When I die, I hope I am forgotten - because honestly, grief is shit, and the dead neither appreciate it, nor wanted it before they died. People can't be measured, and their lasting forms aren't them in any case - they are just text, video, photographs.

2 comments

"When I die, I hope I am forgotten"

On the other hand, now, that's bleak.

I would view that human relationships are like strings that connect human beings. Grief of loss is the process of cutting those strings - one-by-one - and it hurts like hell. Because, if the relationship was an important one - I think it's supposed to. And after the grief has done it's job the living move on.

After the grief has done it's job, memories become bitter sweet. There are always complications, of course, and for example unresolved issues make it difficult to let go.

We begin to die the day we are born. It's only a matter of time, really. All of us are mortally ill of a condition called life. Every precious relationship must end in time.
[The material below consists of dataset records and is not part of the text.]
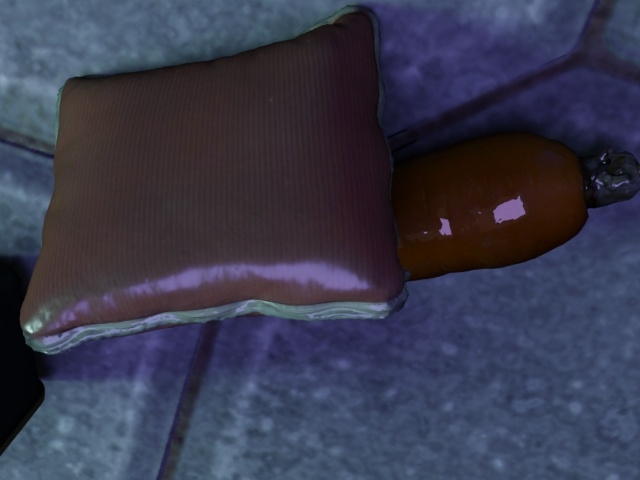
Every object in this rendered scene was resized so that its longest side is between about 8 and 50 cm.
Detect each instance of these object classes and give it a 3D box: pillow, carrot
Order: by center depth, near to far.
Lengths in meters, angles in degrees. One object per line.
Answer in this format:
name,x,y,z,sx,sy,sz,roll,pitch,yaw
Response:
pillow,-0.051,-0.026,0.475,0.179,0.171,0.075,-9,147,10
carrot,0.000,0.000,0.519,0.336,0.069,0.069,-13,111,17

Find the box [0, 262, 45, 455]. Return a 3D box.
box,-0.247,0.080,0.514,0.145,0.201,0.090,1,110,9
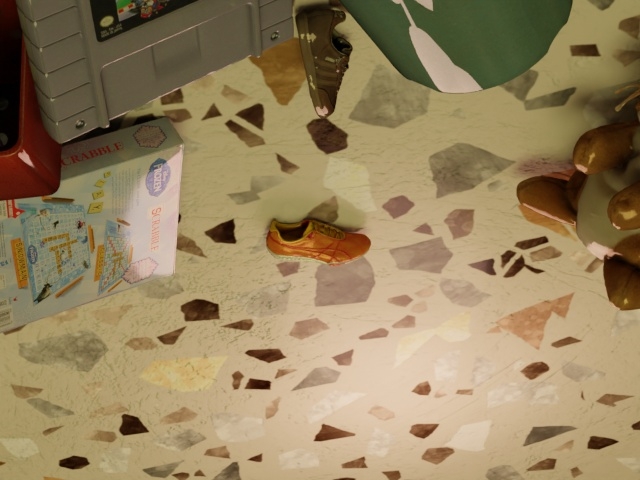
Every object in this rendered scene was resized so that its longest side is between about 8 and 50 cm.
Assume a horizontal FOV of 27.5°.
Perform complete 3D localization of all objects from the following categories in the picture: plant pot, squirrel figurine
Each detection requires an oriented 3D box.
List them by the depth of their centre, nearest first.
[{"bbox_3d":[0.134,-0.359,1.515,0.341,0.341,0.334,-19,148,14],"label":"plant pot"},{"bbox_3d":[-0.459,-0.172,1.685,0.267,0.267,0.236,-6,159,10],"label":"plant pot"},{"bbox_3d":[0.559,-0.129,1.957,0.397,0.281,0.370,-4,134,-27],"label":"squirrel figurine"}]

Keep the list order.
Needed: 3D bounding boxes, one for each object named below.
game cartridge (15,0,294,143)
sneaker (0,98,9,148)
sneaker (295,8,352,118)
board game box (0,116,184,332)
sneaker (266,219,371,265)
[{"bbox_3d":[-0.188,-0.280,1.588,0.355,0.068,0.230,-29,145,-23],"label":"game cartridge"},{"bbox_3d":[-0.417,-0.122,1.903,0.098,0.083,0.223,-15,141,2],"label":"sneaker"},{"bbox_3d":[0.014,-0.244,1.828,0.071,0.066,0.188,-11,142,3],"label":"sneaker"},{"bbox_3d":[-0.367,-0.017,1.964,0.318,0.066,0.318,-19,147,-23],"label":"board game box"},{"bbox_3d":[0.000,0.000,2.140,0.175,0.064,0.067,1,131,-14],"label":"sneaker"}]

There is a zen-story about this. A wise man was asked what was happiness? He answered, a man is born, a son is born, a grandson is born. Man dies, son dies, grandson dies. It sounds horrible the first time you hear it, but then you realize it nailed it completely - any other order would be worse, and having no children would be even sadder.

"When I die, I hope I am forgotten" On the other hand, now, that's bleak.
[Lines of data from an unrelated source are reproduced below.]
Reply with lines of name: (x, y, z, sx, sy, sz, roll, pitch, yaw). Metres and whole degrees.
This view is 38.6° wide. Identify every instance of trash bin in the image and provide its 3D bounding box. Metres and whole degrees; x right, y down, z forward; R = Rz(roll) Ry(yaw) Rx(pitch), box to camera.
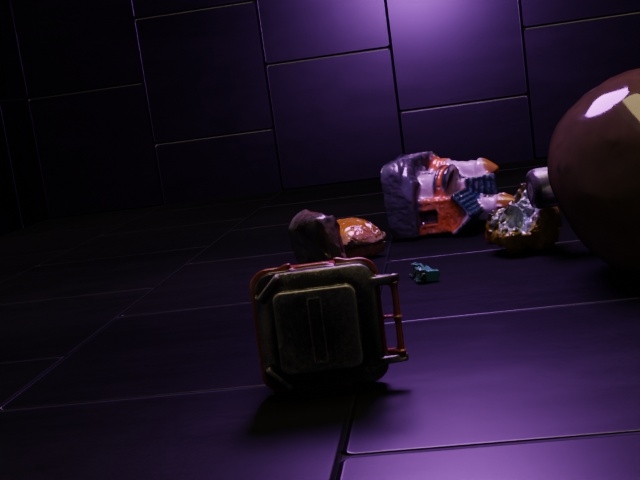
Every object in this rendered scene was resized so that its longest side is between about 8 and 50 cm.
trash bin: (0.016, 0.094, 1.209, 0.184, 0.161, 0.239, -7, 6, 4)

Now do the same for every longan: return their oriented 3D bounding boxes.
longan: (0.558, -0.109, 1.482, 0.404, 0.336, 0.404, 23, 22, -10)

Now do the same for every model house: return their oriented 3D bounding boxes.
model house: (0.331, -0.118, 2.146, 0.300, 0.190, 0.271, -1, 10, 32)

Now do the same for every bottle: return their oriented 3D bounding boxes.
bottle: (0.517, -0.111, 1.723, 0.253, 0.080, 0.096, -9, -20, -1)

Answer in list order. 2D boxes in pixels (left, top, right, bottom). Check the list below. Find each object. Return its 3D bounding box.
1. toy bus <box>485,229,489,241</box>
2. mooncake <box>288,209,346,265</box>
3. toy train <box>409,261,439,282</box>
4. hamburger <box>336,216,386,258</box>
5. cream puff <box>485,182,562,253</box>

My mother has always said "Funerals are for the living, not the dead." I don't find the GPs attitude bleak at all. The people who grieve most heavily seem to be those with unfinished business with the deceased. If you leave behind no unfinished business, I think people can let it go fairly easily. They got what they needed while you were alive. That's a good deal.

There's a huge difference between forgetting and letting go though.
We have very different viewpoints. I'm a creative person. I have worked on many things that haven't been successful (and some of which have) but people I know might find them interesting and entertaining (Stories, novel attempts, video games, board games, music, videos, etc).
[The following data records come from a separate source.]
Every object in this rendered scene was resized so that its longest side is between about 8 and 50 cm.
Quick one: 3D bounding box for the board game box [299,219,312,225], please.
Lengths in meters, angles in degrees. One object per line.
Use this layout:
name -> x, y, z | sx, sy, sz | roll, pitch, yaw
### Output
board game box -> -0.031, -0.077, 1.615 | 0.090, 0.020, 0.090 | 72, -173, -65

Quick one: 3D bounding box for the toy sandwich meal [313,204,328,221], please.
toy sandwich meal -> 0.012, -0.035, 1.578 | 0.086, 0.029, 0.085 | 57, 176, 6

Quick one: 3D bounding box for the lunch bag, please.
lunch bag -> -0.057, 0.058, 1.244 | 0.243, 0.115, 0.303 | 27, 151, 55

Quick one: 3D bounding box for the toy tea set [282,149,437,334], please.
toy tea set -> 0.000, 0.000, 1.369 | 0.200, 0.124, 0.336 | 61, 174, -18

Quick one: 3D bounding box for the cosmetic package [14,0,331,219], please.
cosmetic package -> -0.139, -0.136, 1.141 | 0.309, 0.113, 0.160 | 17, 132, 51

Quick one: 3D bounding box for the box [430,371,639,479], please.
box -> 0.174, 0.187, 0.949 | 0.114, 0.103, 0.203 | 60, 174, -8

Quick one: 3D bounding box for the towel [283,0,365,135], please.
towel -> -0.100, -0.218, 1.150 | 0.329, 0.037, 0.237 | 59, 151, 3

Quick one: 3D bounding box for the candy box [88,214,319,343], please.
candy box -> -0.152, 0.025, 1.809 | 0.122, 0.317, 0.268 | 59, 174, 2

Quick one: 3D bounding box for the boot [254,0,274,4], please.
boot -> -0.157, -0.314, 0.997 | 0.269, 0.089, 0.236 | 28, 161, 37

I'd rather a decent amount of those survive me in some fashion. A few might, as they'll probably be included in console or flash game rom dump collections, but I wish more would. I also wish i completed more projects in my lifetime.

Realistically, if a project is unfinished, is it interesting? My feeling is that I don't finish creative projects because they have some kind of fundamental dysfunction or problem. If a creative project failed to keep my attention to the bitter end, then I don't think it would be keeping the attention of my descendants on its own merits.

I've experienced the other side of this one - a lot of my family were amateur artists. Their work, on the whole, isn't that interesting. Their practice, on the other hand, is something they passed on, and I value it quite a lot. As a kid, I was always encouraged to make things, and to make new things rather than replicas, and to take making things seriously.

I still make a lot of stuff, and I really feel that people who don't are missing out - but I don't think I've made anything that I'd like my descendants to have - other than the practice of making things itself. I guess family, at its best, is about passing on traditions that allows you to live well in a frankly hard and troubling world. I mean, you can pass on more stuff than that - paintings, photos - but it usually ends up sitting in some attic. At least, that's what's happened to the creative output of about four generations of my family.